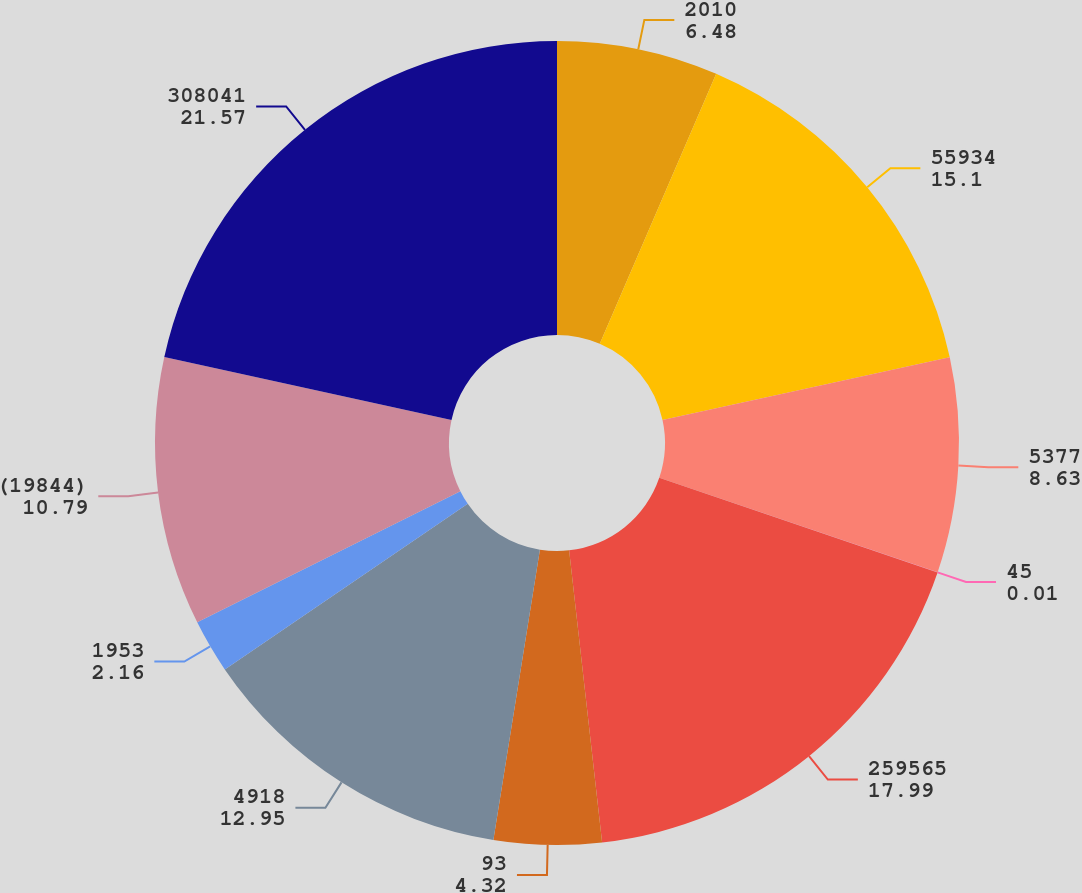Convert chart. <chart><loc_0><loc_0><loc_500><loc_500><pie_chart><fcel>2010<fcel>55934<fcel>5377<fcel>45<fcel>259565<fcel>93<fcel>4918<fcel>1953<fcel>(19844)<fcel>308041<nl><fcel>6.48%<fcel>15.1%<fcel>8.63%<fcel>0.01%<fcel>17.99%<fcel>4.32%<fcel>12.95%<fcel>2.16%<fcel>10.79%<fcel>21.57%<nl></chart> 
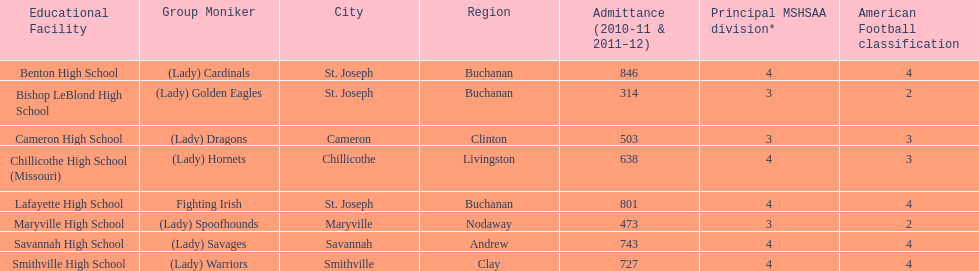Help me parse the entirety of this table. {'header': ['Educational Facility', 'Group Moniker', 'City', 'Region', 'Admittance (2010-11 & 2011–12)', 'Principal MSHSAA division*', 'American Football classification'], 'rows': [['Benton High School', '(Lady) Cardinals', 'St. Joseph', 'Buchanan', '846', '4', '4'], ['Bishop LeBlond High School', '(Lady) Golden Eagles', 'St. Joseph', 'Buchanan', '314', '3', '2'], ['Cameron High School', '(Lady) Dragons', 'Cameron', 'Clinton', '503', '3', '3'], ['Chillicothe High School (Missouri)', '(Lady) Hornets', 'Chillicothe', 'Livingston', '638', '4', '3'], ['Lafayette High School', 'Fighting Irish', 'St. Joseph', 'Buchanan', '801', '4', '4'], ['Maryville High School', '(Lady) Spoofhounds', 'Maryville', 'Nodaway', '473', '3', '2'], ['Savannah High School', '(Lady) Savages', 'Savannah', 'Andrew', '743', '4', '4'], ['Smithville High School', '(Lady) Warriors', 'Smithville', 'Clay', '727', '4', '4']]} Which school has the least amount of student enrollment between 2010-2011 and 2011-2012? Bishop LeBlond High School. 
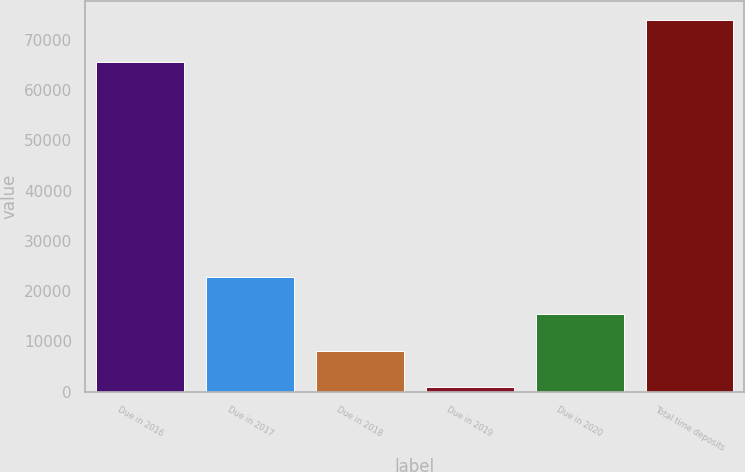<chart> <loc_0><loc_0><loc_500><loc_500><bar_chart><fcel>Due in 2016<fcel>Due in 2017<fcel>Due in 2018<fcel>Due in 2019<fcel>Due in 2020<fcel>Total time deposits<nl><fcel>65567<fcel>22807.5<fcel>8188.5<fcel>879<fcel>15498<fcel>73974<nl></chart> 
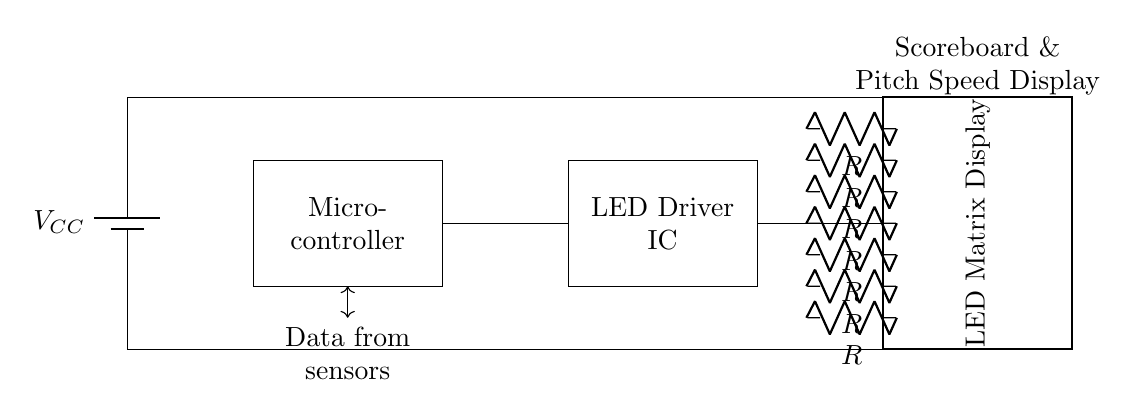What is the function of the microcontroller in this circuit? The microcontroller controls the operation of the circuit by processing data from sensors and sending commands to the LED Driver IC.
Answer: Control What does the LED Driver IC do? The LED Driver IC is responsible for providing the necessary current and voltage to operate the LED matrix display properly.
Answer: Drive LEDs What type of display is used in this circuit? The circuit employs an LED matrix display to show scores and pitch speed indicators.
Answer: LED matrix How many resistors are present in the circuit? There are seven resistors in the resistor network connected to the LED matrix display.
Answer: Seven What is the power source voltage labeled as in this diagram? The power source voltage is labeled as V_CC in the circuit diagram.
Answer: V_CC What is the purpose of the connections between the microcontroller and the LED Driver IC? The connections facilitate data transfer from the microcontroller to the LED Driver IC for controlling the LED display.
Answer: Data transfer
# # #
WORK TO BE COMPLETED
All that is needed is an exact copy of the lines from the top of the entries through the line containing "Help me parse", pictures left out.

WRITTEN ANSWER
Convert chart. <chart><loc_0><loc_0><loc_500><loc_500><pie_chart><fcel>2010<fcel>55934<fcel>5377<fcel>45<fcel>259565<fcel>93<fcel>4918<fcel>1953<fcel>(19844)<fcel>308041<nl><fcel>6.48%<fcel>15.1%<fcel>8.63%<fcel>0.01%<fcel>17.99%<fcel>4.32%<fcel>12.95%<fcel>2.16%<fcel>10.79%<fcel>21.57%<nl></chart> 
Help me parse the entirety of this table. {'header': ['Educational Facility', 'Group Moniker', 'City', 'Region', 'Admittance (2010-11 & 2011–12)', 'Principal MSHSAA division*', 'American Football classification'], 'rows': [['Benton High School', '(Lady) Cardinals', 'St. Joseph', 'Buchanan', '846', '4', '4'], ['Bishop LeBlond High School', '(Lady) Golden Eagles', 'St. Joseph', 'Buchanan', '314', '3', '2'], ['Cameron High School', '(Lady) Dragons', 'Cameron', 'Clinton', '503', '3', '3'], ['Chillicothe High School (Missouri)', '(Lady) Hornets', 'Chillicothe', 'Livingston', '638', '4', '3'], ['Lafayette High School', 'Fighting Irish', 'St. Joseph', 'Buchanan', '801', '4', '4'], ['Maryville High School', '(Lady) Spoofhounds', 'Maryville', 'Nodaway', '473', '3', '2'], ['Savannah High School', '(Lady) Savages', 'Savannah', 'Andrew', '743', '4', '4'], ['Smithville High School', '(Lady) Warriors', 'Smithville', 'Clay', '727', '4', '4']]} Which school has the least amount of student enrollment between 2010-2011 and 2011-2012? Bishop LeBlond High School. 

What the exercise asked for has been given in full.